**Task prompt**
Repeat the entries exactly but omit the pictures.

[Stored dataset items]
****************************************

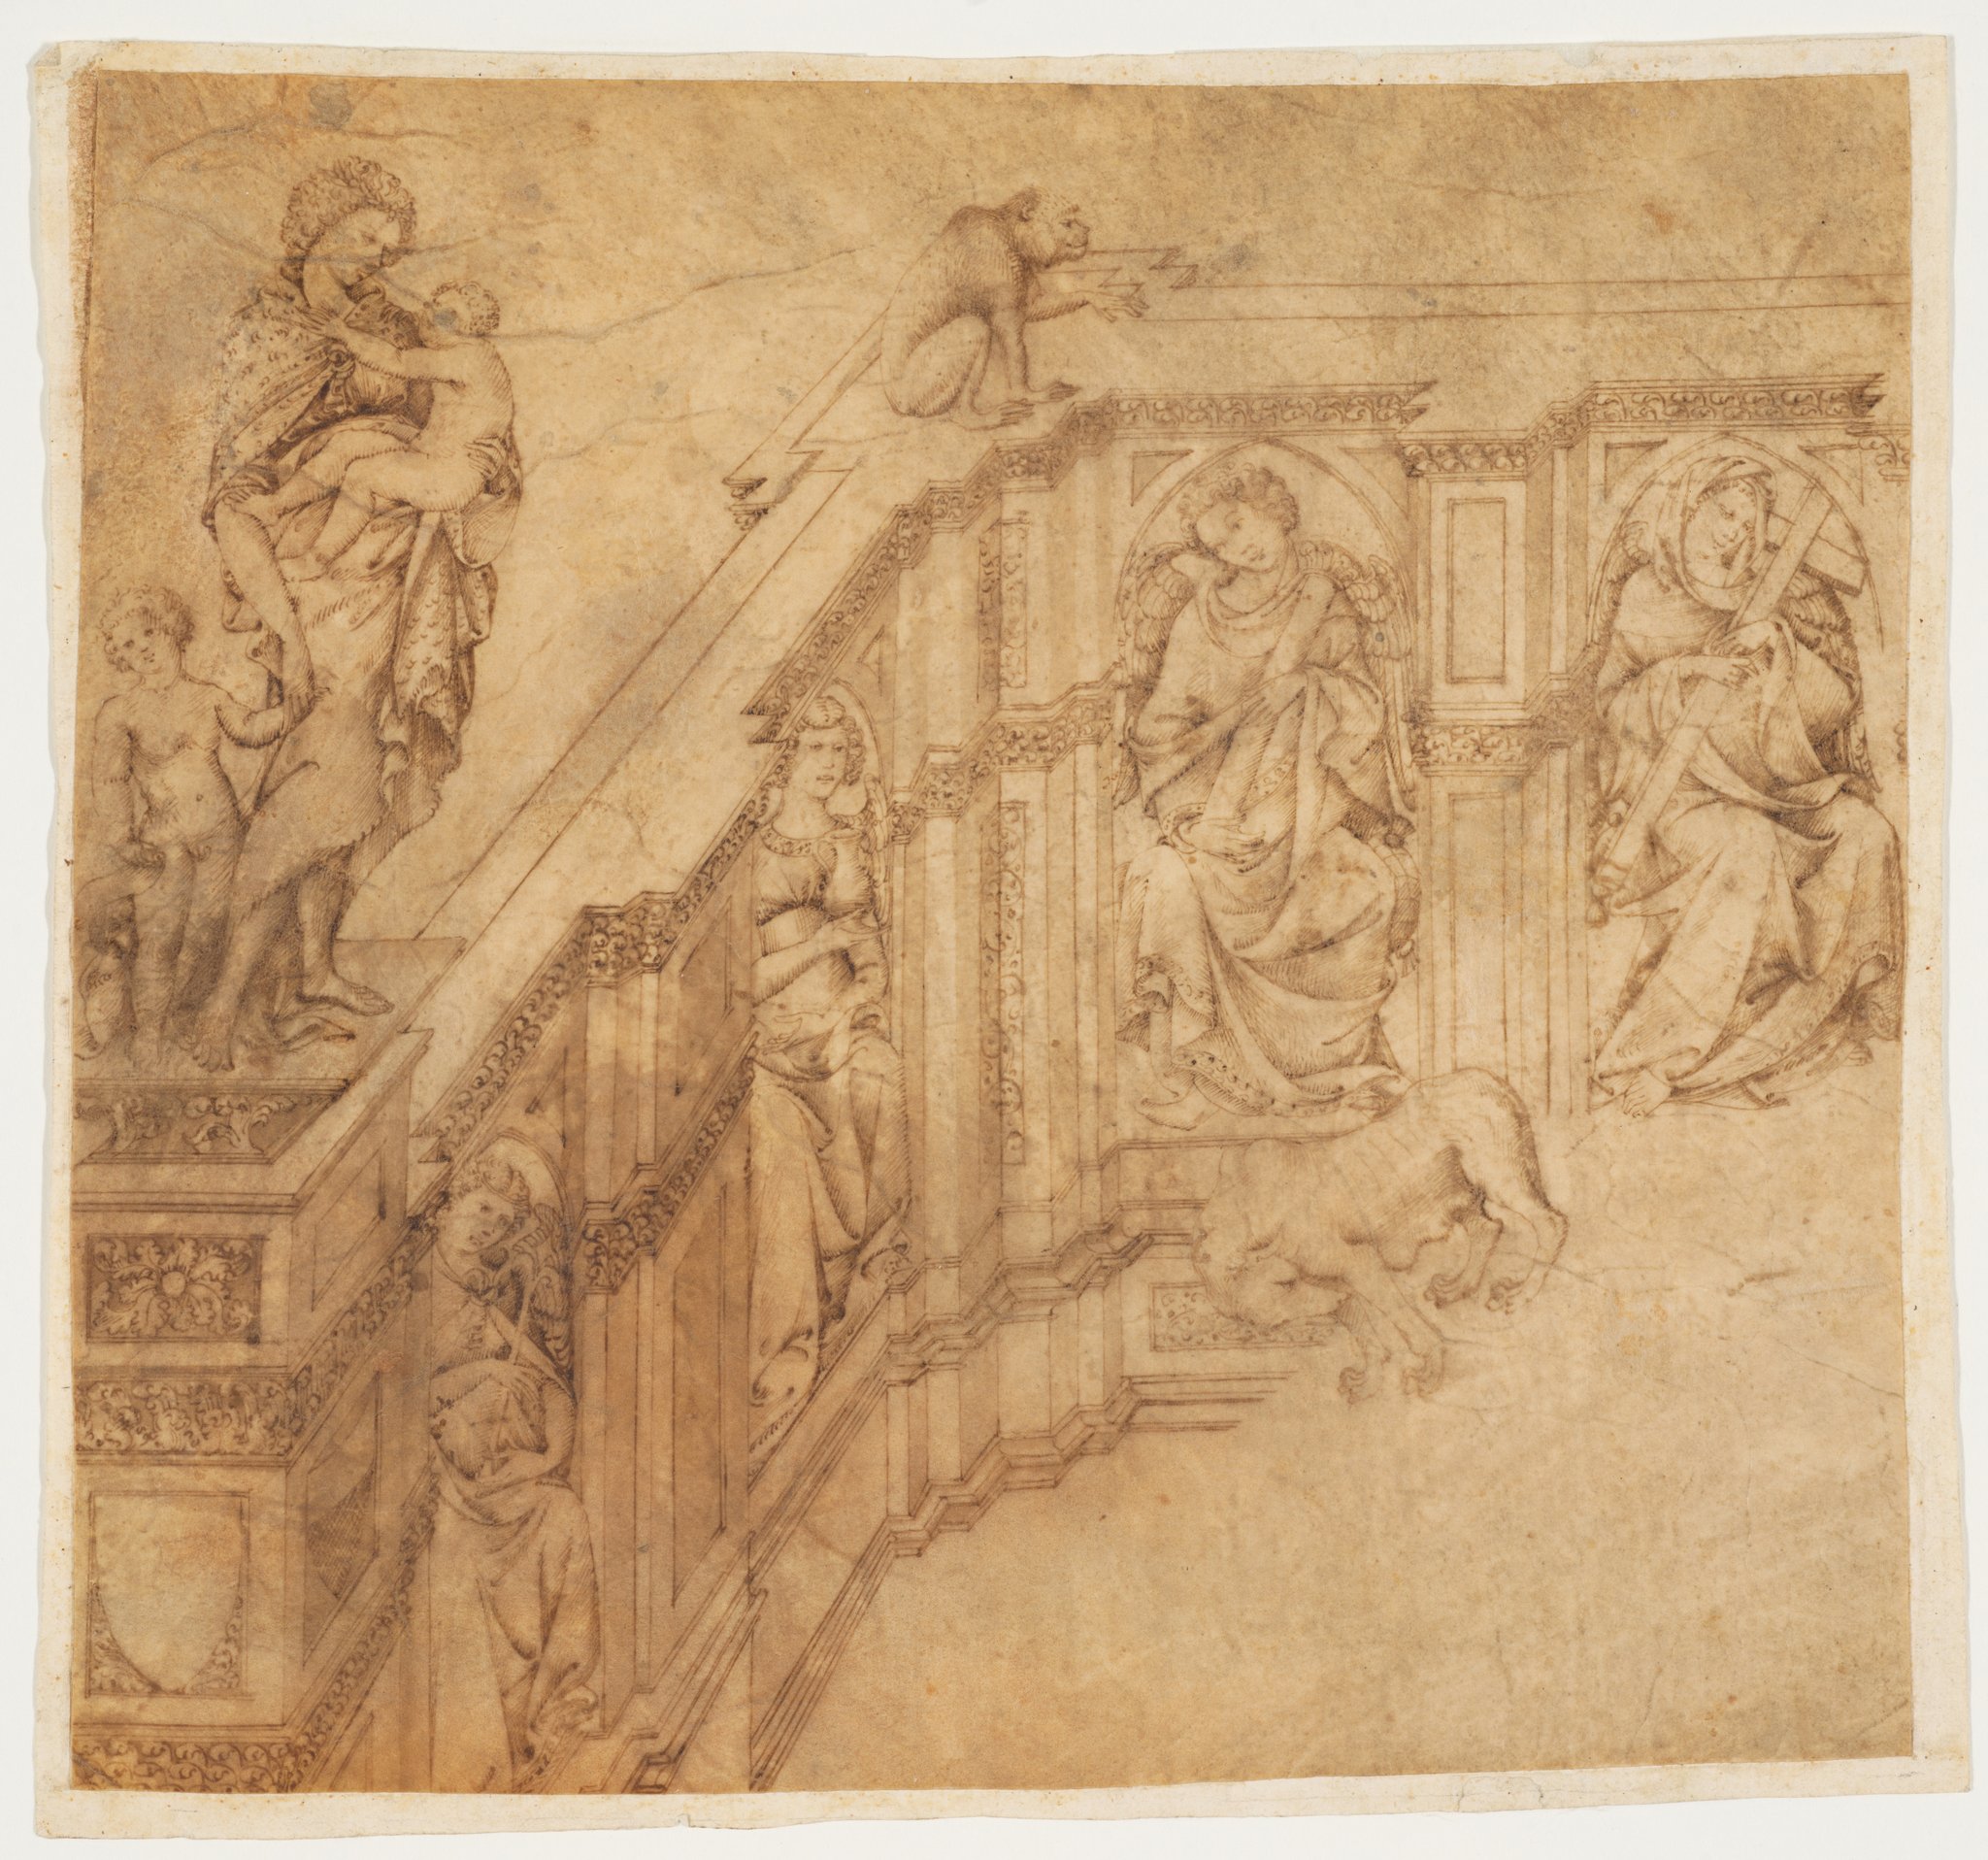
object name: drawing
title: Design Fragment for the Left Side of the 'Fonte Gaia' in Siena
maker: jacopo della quercia (jacopo di pietro d’angelo di guarnieri)
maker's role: artist
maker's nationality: italian
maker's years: 1374-1438
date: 1415-1416
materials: ink, drawing material, paper, parchment
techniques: brush, pen, wash
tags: infants,women,dogs,monkeys

****************************************

**Output below**
object name: drawing
title: Design Fragment for the Left Side of the 'Fonte Gaia' in Siena
maker: jacopo della quercia (jacopo di pietro d’angelo di guarnieri)
maker's role: artist
maker's nationality: italian
maker's years: 1374-1438
date: 1415-1416
materials: ink, drawing material, paper, parchment
techniques: brush, pen, wash
tags: infants,women,dogs,monkeys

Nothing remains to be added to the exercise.